What the Germans were doing in their trenches not to see or hear us approaching was beyond me, and could only suppose that their sentries had some sort of visual impairment. But I could hear the men in the dugout doing much the same that our men would do on a normal night; wandering up and down the trench, checking in with one another, making sure the sentries were okay for a smoke and generally trying to keep one another’s morale up.
I found it odd, again, how normal these Germans were, how similar they were to our own troops. They were just men, like we were, sent here by invisible commanders to show an unholy amount of aggression towards an enemy who had really done no wrong to us. I was beginning to show a compassion for the men that I would soon be asked to kill.
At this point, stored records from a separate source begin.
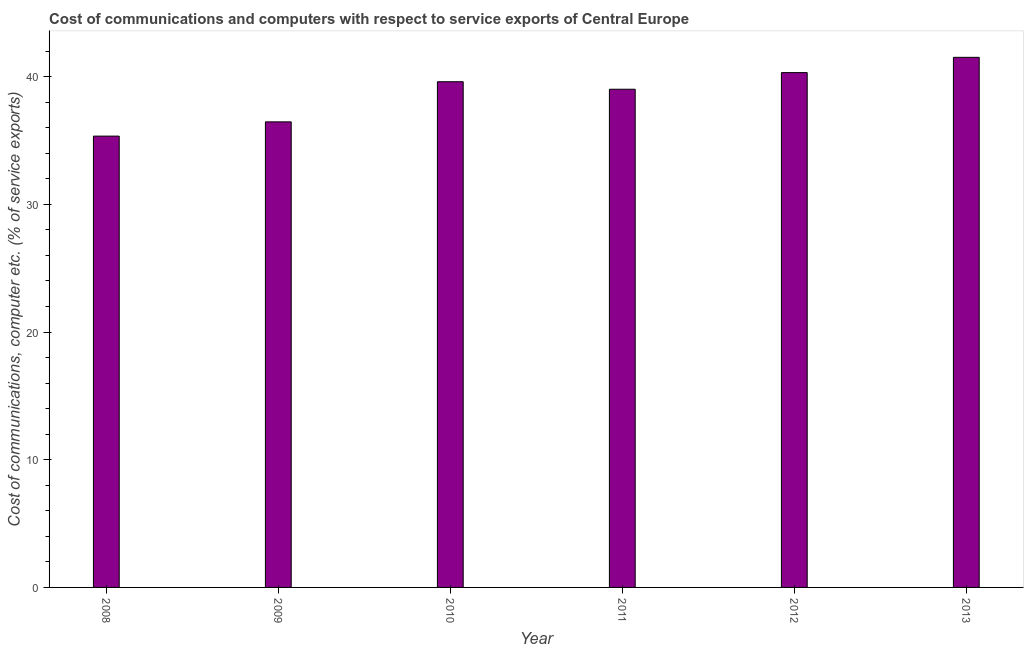Does the graph contain grids?
Provide a succinct answer. No. What is the title of the graph?
Keep it short and to the point. Cost of communications and computers with respect to service exports of Central Europe. What is the label or title of the Y-axis?
Make the answer very short. Cost of communications, computer etc. (% of service exports). What is the cost of communications and computer in 2011?
Offer a very short reply. 39.01. Across all years, what is the maximum cost of communications and computer?
Offer a very short reply. 41.51. Across all years, what is the minimum cost of communications and computer?
Make the answer very short. 35.34. In which year was the cost of communications and computer maximum?
Provide a succinct answer. 2013. In which year was the cost of communications and computer minimum?
Provide a succinct answer. 2008. What is the sum of the cost of communications and computer?
Your answer should be compact. 232.23. What is the difference between the cost of communications and computer in 2011 and 2012?
Offer a very short reply. -1.3. What is the average cost of communications and computer per year?
Keep it short and to the point. 38.7. What is the median cost of communications and computer?
Your response must be concise. 39.31. What is the ratio of the cost of communications and computer in 2008 to that in 2010?
Give a very brief answer. 0.89. Is the cost of communications and computer in 2009 less than that in 2010?
Provide a short and direct response. Yes. Is the difference between the cost of communications and computer in 2008 and 2011 greater than the difference between any two years?
Ensure brevity in your answer.  No. What is the difference between the highest and the second highest cost of communications and computer?
Your response must be concise. 1.2. What is the difference between the highest and the lowest cost of communications and computer?
Give a very brief answer. 6.17. What is the difference between two consecutive major ticks on the Y-axis?
Make the answer very short. 10. What is the Cost of communications, computer etc. (% of service exports) in 2008?
Offer a terse response. 35.34. What is the Cost of communications, computer etc. (% of service exports) of 2009?
Offer a very short reply. 36.46. What is the Cost of communications, computer etc. (% of service exports) in 2010?
Your answer should be compact. 39.6. What is the Cost of communications, computer etc. (% of service exports) of 2011?
Keep it short and to the point. 39.01. What is the Cost of communications, computer etc. (% of service exports) in 2012?
Your answer should be very brief. 40.31. What is the Cost of communications, computer etc. (% of service exports) in 2013?
Your answer should be compact. 41.51. What is the difference between the Cost of communications, computer etc. (% of service exports) in 2008 and 2009?
Ensure brevity in your answer.  -1.12. What is the difference between the Cost of communications, computer etc. (% of service exports) in 2008 and 2010?
Ensure brevity in your answer.  -4.26. What is the difference between the Cost of communications, computer etc. (% of service exports) in 2008 and 2011?
Provide a succinct answer. -3.67. What is the difference between the Cost of communications, computer etc. (% of service exports) in 2008 and 2012?
Your answer should be compact. -4.97. What is the difference between the Cost of communications, computer etc. (% of service exports) in 2008 and 2013?
Give a very brief answer. -6.17. What is the difference between the Cost of communications, computer etc. (% of service exports) in 2009 and 2010?
Your answer should be compact. -3.14. What is the difference between the Cost of communications, computer etc. (% of service exports) in 2009 and 2011?
Ensure brevity in your answer.  -2.55. What is the difference between the Cost of communications, computer etc. (% of service exports) in 2009 and 2012?
Your answer should be very brief. -3.86. What is the difference between the Cost of communications, computer etc. (% of service exports) in 2009 and 2013?
Make the answer very short. -5.05. What is the difference between the Cost of communications, computer etc. (% of service exports) in 2010 and 2011?
Your answer should be very brief. 0.59. What is the difference between the Cost of communications, computer etc. (% of service exports) in 2010 and 2012?
Your answer should be compact. -0.71. What is the difference between the Cost of communications, computer etc. (% of service exports) in 2010 and 2013?
Offer a terse response. -1.91. What is the difference between the Cost of communications, computer etc. (% of service exports) in 2011 and 2012?
Your answer should be very brief. -1.3. What is the difference between the Cost of communications, computer etc. (% of service exports) in 2011 and 2013?
Keep it short and to the point. -2.5. What is the difference between the Cost of communications, computer etc. (% of service exports) in 2012 and 2013?
Keep it short and to the point. -1.2. What is the ratio of the Cost of communications, computer etc. (% of service exports) in 2008 to that in 2009?
Ensure brevity in your answer.  0.97. What is the ratio of the Cost of communications, computer etc. (% of service exports) in 2008 to that in 2010?
Your answer should be compact. 0.89. What is the ratio of the Cost of communications, computer etc. (% of service exports) in 2008 to that in 2011?
Your answer should be compact. 0.91. What is the ratio of the Cost of communications, computer etc. (% of service exports) in 2008 to that in 2012?
Your response must be concise. 0.88. What is the ratio of the Cost of communications, computer etc. (% of service exports) in 2008 to that in 2013?
Ensure brevity in your answer.  0.85. What is the ratio of the Cost of communications, computer etc. (% of service exports) in 2009 to that in 2010?
Your answer should be compact. 0.92. What is the ratio of the Cost of communications, computer etc. (% of service exports) in 2009 to that in 2011?
Provide a short and direct response. 0.94. What is the ratio of the Cost of communications, computer etc. (% of service exports) in 2009 to that in 2012?
Offer a very short reply. 0.9. What is the ratio of the Cost of communications, computer etc. (% of service exports) in 2009 to that in 2013?
Make the answer very short. 0.88. What is the ratio of the Cost of communications, computer etc. (% of service exports) in 2010 to that in 2011?
Offer a terse response. 1.01. What is the ratio of the Cost of communications, computer etc. (% of service exports) in 2010 to that in 2012?
Offer a very short reply. 0.98. What is the ratio of the Cost of communications, computer etc. (% of service exports) in 2010 to that in 2013?
Offer a terse response. 0.95. What is the ratio of the Cost of communications, computer etc. (% of service exports) in 2011 to that in 2013?
Keep it short and to the point. 0.94. What is the ratio of the Cost of communications, computer etc. (% of service exports) in 2012 to that in 2013?
Make the answer very short. 0.97. 
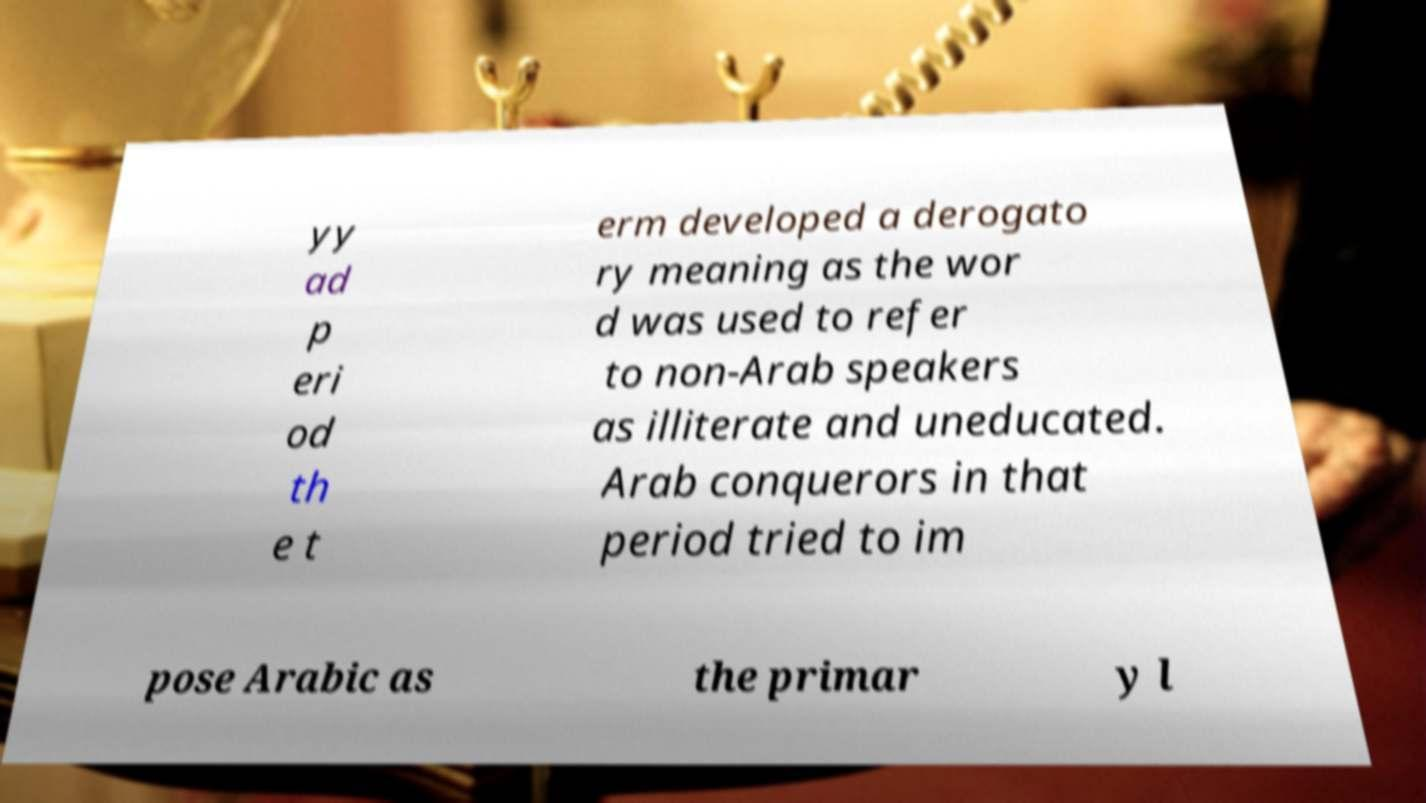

All we could do now was lie here in wait. I knew that the Captain would be checking his wristwatch impatiently every ten seconds or so, waiting until he knew that everyone else would be in position, then all we would be waiting for would be that first artillery shell.
I wondered if the wire cutters had managed to hear the Germans with the same clarity that I now could, or whether, on account of the hour, their voices carried far more powerfully. I concluded that they must have heard them talking, possibly using their own noise against them, to be able to snip away at the wire that would allow us free entry.
It was a grave mistake on the Germans’ part and one that I believed meant that they should lose the entire war.
Just as I felt my body beginning to be enveloped in the ever-pressing chill, I thought I heard a noise. Already being completely still, I froze everything else that was moving; my heart, my lungs, my blood and listened.
Then it was there again, far in the distance, but noticeable if you were listening specifically for it.
Thumm. Thumm. Thumm.
13
The artillery shells had barely uttered their first syllable announcing their arrival and Captain Arnold was already on his feet and leaping down into the German dugout. He jumped with such a vigour and athleticism that I thought he had miscalculated and had ended up on the far side of the trench.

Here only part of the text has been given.